■ DIRECTIONS: Copy the records below exactly, starting at the line that contains "Your response must" and ending at the line that contains "Answer yes or no. Yes. Does Medium"; leave out any pictures.

■ INFORMATION:

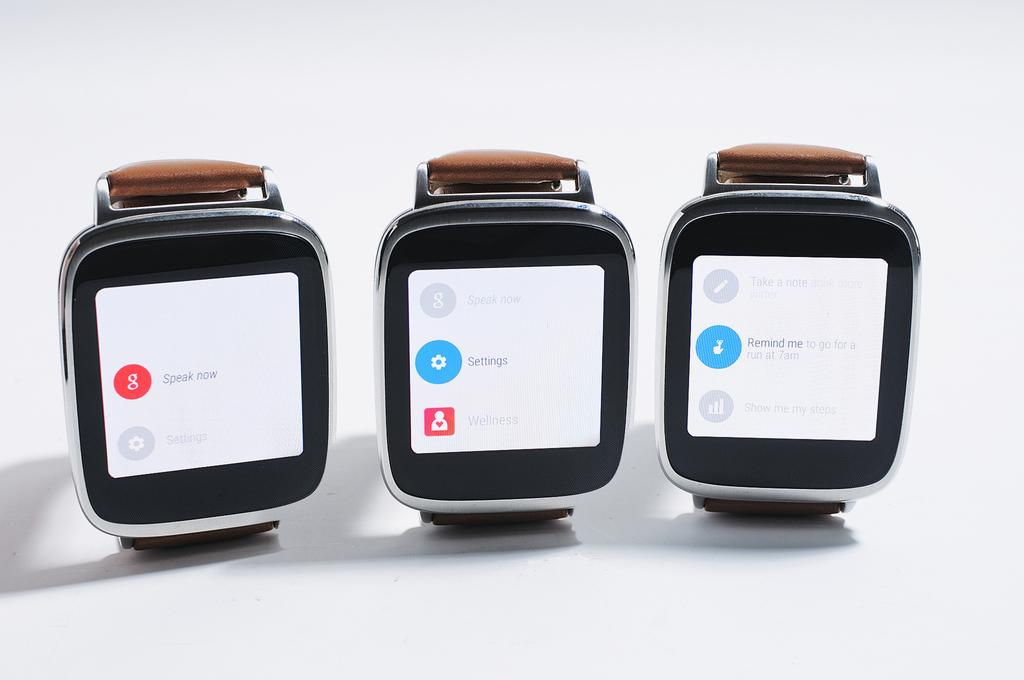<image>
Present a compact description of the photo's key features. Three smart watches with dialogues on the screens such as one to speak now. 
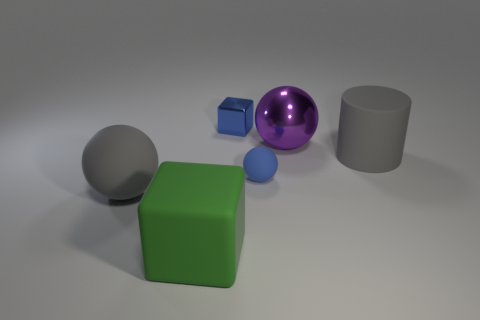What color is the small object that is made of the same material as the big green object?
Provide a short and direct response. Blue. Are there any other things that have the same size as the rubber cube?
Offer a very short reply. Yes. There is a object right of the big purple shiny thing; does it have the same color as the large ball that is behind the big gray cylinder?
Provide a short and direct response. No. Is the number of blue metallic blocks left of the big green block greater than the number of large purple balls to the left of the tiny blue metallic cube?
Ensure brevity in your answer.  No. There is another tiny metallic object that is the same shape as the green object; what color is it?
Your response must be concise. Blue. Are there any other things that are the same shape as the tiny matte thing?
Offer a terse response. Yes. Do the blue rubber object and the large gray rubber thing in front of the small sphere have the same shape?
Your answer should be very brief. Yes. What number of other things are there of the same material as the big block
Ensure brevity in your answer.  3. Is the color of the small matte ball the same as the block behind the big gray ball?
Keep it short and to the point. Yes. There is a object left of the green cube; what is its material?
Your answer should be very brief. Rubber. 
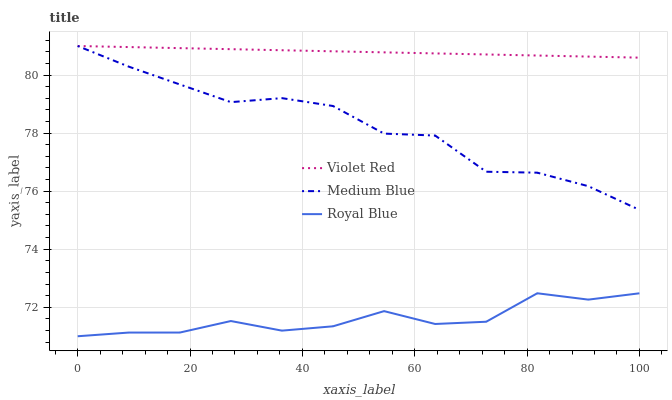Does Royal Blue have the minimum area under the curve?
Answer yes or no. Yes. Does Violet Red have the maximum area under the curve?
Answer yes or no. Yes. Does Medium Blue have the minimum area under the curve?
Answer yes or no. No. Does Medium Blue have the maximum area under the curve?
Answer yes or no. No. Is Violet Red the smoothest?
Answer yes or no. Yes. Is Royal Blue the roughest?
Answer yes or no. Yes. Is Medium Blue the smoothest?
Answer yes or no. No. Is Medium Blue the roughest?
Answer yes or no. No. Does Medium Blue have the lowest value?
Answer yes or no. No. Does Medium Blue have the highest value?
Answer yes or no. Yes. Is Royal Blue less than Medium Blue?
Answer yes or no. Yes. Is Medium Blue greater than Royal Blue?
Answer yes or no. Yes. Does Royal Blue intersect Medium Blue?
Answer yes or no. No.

■ RESPONSE AREA:
Your response must be concise. Blue. Are there any other things that are the same shape as the tiny matte thing?
Offer a terse response. Yes. Do the blue rubber object and the large gray rubber thing in front of the small sphere have the same shape?
Your answer should be very brief. Yes. What number of other things are there of the same material as the big block
Ensure brevity in your answer.  3. Is the color of the small matte ball the same as the block behind the big gray ball?
Keep it short and to the point. Yes. There is a object left of the green cube; what is its material?
Your answer should be very brief. Rubber. 
Does Royal Blue have the minimum area under the curve?
Answer yes or no. Yes. Does Violet Red have the maximum area under the curve?
Answer yes or no. Yes. Does Medium Blue have the minimum area under the curve?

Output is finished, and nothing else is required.